The team also found that the younger age groups were highly sensitive to blood pressure increases in response to stimulation and that these increases can cause large increases in blood flow across the brain. "This finding indicates that the newborn brain is also unable to regulate its overall blood-flow levels," Kozberg explains. "This could explain earlier fMRI results in infants and children that were sometimes positive and sometimes negative, because it is difficult to tell whether blood pressure increases are occurring in infants and children. This result suggests that great care should be taken in setting stimulus thresholds in young subjects."

The researchers add that, since the newborn brain appears to be able to sustain itself without tightly controlled blood flow, their findings suggest that the infant brain may be intrinsically more resistant to damage due to a lack of oxygen than the adult brain. "This could be an important property to understand, both in terms of understanding how best to treat blood-flow problems in the newborn infant brain, which can cause lifelong problems such as cerebral palsy, and to potentially better understand how to treat the adult brain in conditions such as stroke," Hillman observes.

"Our lab operates at the intersection of neuroscience and engineering," continues Hillman." Not only do we develop the imaging systems that let us investigate the living brain in new ways, but like all engineers, we're fascinated with figuring out 'how things work,' and the brain is no exception."

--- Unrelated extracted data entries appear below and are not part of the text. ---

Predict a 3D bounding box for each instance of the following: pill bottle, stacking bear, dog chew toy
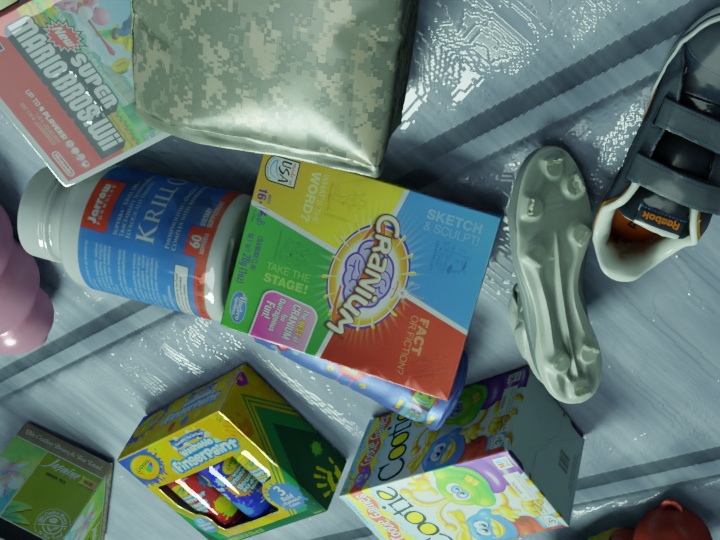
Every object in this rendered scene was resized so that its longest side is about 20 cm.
[{"bbox_3d":[-0.192,-0.030,0.836,0.197,0.113,0.113,13,133,12],"label":"pill bottle"},{"bbox_3d":[0.259,0.302,0.932,0.122,0.113,0.200,51,125,17],"label":"stacking bear"},{"bbox_3d":[-0.380,0.007,0.953,0.123,0.126,0.201,-4,135,26],"label":"dog chew toy"}]

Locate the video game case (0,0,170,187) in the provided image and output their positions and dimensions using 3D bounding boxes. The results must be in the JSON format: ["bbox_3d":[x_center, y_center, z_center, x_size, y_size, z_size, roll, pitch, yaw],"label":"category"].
[{"bbox_3d":[-0.183,-0.159,0.721,0.198,0.018,0.144,-24,127,11],"label":"video game case"}]

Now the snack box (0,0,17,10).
[{"bbox_3d":[-0.242,-0.184,0.777,0.197,0.037,0.117,10,131,15],"label":"snack box"}]

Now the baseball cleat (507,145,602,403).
[{"bbox_3d":[0.139,0.002,0.749,0.069,0.106,0.203,-10,102,-13],"label":"baseball cleat"}]

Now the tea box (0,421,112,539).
[{"bbox_3d":[-0.420,0.341,1.199,0.132,0.198,0.201,23,135,3],"label":"tea box"}]

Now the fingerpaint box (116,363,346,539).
[{"bbox_3d":[-0.144,0.211,1.052,0.199,0.074,0.167,-28,114,38],"label":"fingerpaint box"}]

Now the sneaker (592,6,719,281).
[{"bbox_3d":[0.218,-0.074,0.644,0.077,0.080,0.202,21,133,6],"label":"sneaker"}]

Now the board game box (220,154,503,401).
[{"bbox_3d":[0.000,0.000,0.774,0.197,0.040,0.155,17,99,9],"label":"board game box"}]

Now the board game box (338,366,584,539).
[{"bbox_3d":[0.095,0.187,0.904,0.199,0.105,0.103,-26,115,37],"label":"board game box"}]

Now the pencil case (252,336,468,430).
[{"bbox_3d":[0.000,0.067,0.860,0.198,0.087,0.079,27,110,-3],"label":"pencil case"}]

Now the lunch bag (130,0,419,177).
[{"bbox_3d":[-0.063,-0.171,0.645,0.197,0.118,0.166,11,125,6],"label":"lunch bag"}]
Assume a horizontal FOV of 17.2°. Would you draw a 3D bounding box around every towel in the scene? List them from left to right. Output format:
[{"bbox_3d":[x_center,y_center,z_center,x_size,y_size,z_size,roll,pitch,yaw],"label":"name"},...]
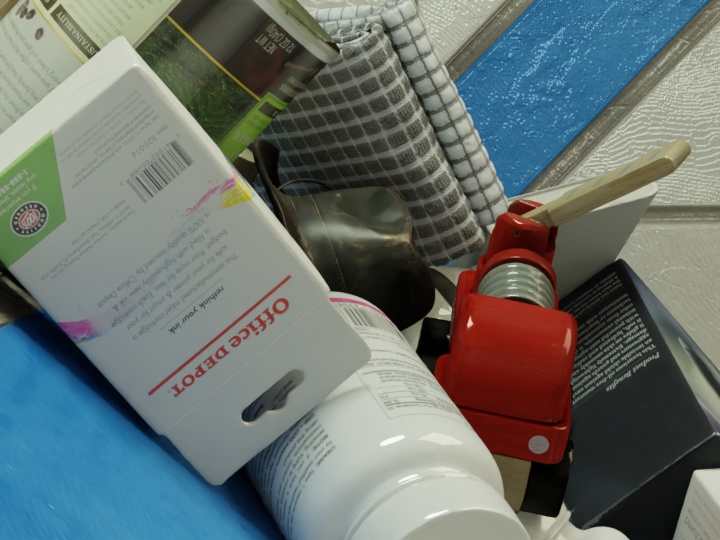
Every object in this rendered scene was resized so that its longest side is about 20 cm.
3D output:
[{"bbox_3d":[-0.022,-0.077,1.523,0.199,0.086,0.166,-8,-59,42],"label":"towel"}]

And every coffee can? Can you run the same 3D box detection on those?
[{"bbox_3d":[-0.131,-0.097,1.283,0.146,0.200,0.146,44,7,-6],"label":"coffee can"}]

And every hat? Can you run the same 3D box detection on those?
[{"bbox_3d":[0.000,0.000,1.422,0.201,0.081,0.202,-16,90,-89],"label":"hat"}]

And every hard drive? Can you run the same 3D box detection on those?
[{"bbox_3d":[0.114,0.005,1.646,0.026,0.131,0.200,64,-25,24],"label":"hard drive"}]

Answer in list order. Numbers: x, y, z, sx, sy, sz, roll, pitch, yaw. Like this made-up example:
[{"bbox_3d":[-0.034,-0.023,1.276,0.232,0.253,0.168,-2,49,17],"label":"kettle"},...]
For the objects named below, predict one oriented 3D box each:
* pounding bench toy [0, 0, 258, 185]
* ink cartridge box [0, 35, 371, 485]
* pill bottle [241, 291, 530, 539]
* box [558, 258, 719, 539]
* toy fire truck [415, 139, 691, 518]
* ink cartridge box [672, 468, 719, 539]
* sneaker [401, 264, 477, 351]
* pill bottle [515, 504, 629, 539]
[{"bbox_3d":[-0.162,-0.116,1.472,0.200,0.124,0.156,35,9,-26],"label":"pounding bench toy"},{"bbox_3d":[-0.098,-0.003,1.206,0.200,0.117,0.067,51,0,-21],"label":"ink cartridge box"},{"bbox_3d":[0.006,0.107,1.246,0.113,0.113,0.200,40,8,-37],"label":"pill bottle"},{"bbox_3d":[0.214,0.135,1.643,0.200,0.123,0.199,45,15,-37],"label":"box"},{"bbox_3d":[0.106,0.020,1.371,0.128,0.201,0.176,12,26,0],"label":"toy fire truck"},{"bbox_3d":[0.250,0.246,1.510,0.082,0.201,0.147,-1,31,-22],"label":"ink cartridge box"},{"bbox_3d":[0.050,0.081,1.514,0.074,0.080,0.201,91,3,-51],"label":"sneaker"},{"bbox_3d":[0.147,0.225,1.397,0.200,0.112,0.112,45,6,3],"label":"pill bottle"}]
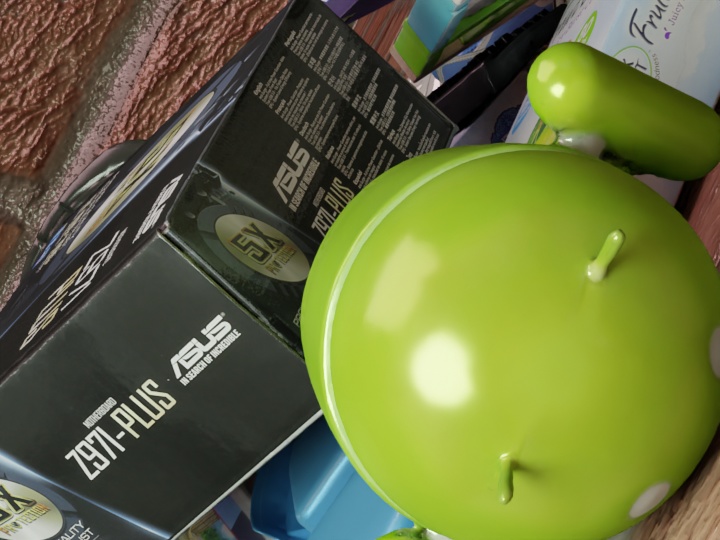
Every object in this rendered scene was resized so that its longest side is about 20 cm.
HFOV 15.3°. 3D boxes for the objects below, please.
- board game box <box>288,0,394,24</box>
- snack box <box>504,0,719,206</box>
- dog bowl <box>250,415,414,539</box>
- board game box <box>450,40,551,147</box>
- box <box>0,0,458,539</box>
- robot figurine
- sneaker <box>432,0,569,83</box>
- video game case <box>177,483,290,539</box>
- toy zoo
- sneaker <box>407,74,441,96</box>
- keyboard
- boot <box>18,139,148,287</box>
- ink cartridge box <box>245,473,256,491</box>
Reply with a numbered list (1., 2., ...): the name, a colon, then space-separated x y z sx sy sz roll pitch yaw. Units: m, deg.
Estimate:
1. board game box: 0.068 -0.205 1.315 0.200 0.057 0.165 -32 -6 -41
2. snack box: 0.099 -0.071 1.013 0.200 0.053 0.142 -65 6 -21
3. dog bowl: 0.013 0.080 0.969 0.111 0.050 0.200 -56 18 16
4. board game box: 0.000 0.000 1.179 0.200 0.041 0.200 -38 6 42
5. box: -0.065 0.011 0.988 0.164 0.086 0.200 -41 13 31
6. robot figurine: 0.043 0.020 0.793 0.200 0.116 0.175 -151 82 -84
7. sneaker: 0.101 -0.154 1.253 0.200 0.077 0.076 -59 5 13
8. video game case: -0.124 0.133 1.060 0.182 0.023 0.200 -36 40 -8
9. toy zoo: 0.083 -0.147 1.094 0.131 0.020 0.200 -35 -6 -15
10. sneaker: 0.054 -0.081 1.357 0.200 0.078 0.099 -64 9 -4
11. keyboard: 0.002 -0.056 1.173 0.200 0.040 0.104 -40 4 40
12. boot: -0.100 0.027 1.268 0.154 0.073 0.204 -18 -50 -65
13. ink cartridge box: -0.075 0.187 1.229 0.200 0.084 0.145 -61 5 17

Next steps for Hillman and her team include further defining the cellular mechanisms underlying the developing hemodynamic response at a cellular and microvascular level, using methods such as high-speed and multi-plane in-vivo two-photon microscopy, another technique developed in the lab. They're particularly interested in tracking changes in neuronal activity, microvascular architecture and connectivity, and the distribution and activity of other cellular populations thought to be associated with neurovascular coupling as a function of development.

"This will help us understand how the neonatal brain is different, and better understand how mature blood-flow control mechanisms in the adult brain work," says Kozberg.

Adds Hillman, "We are also keen to take this research into the clinic and explore whether our findings could improve diagnosis and monitoring of newborn infants. Our findings so far feel like just the tip of the iceberg. There is so much more for us to do now to understand why the infant brain is so different, and how we can use our findings to improve understanding of a wealth of devastating childhood and developmental conditions."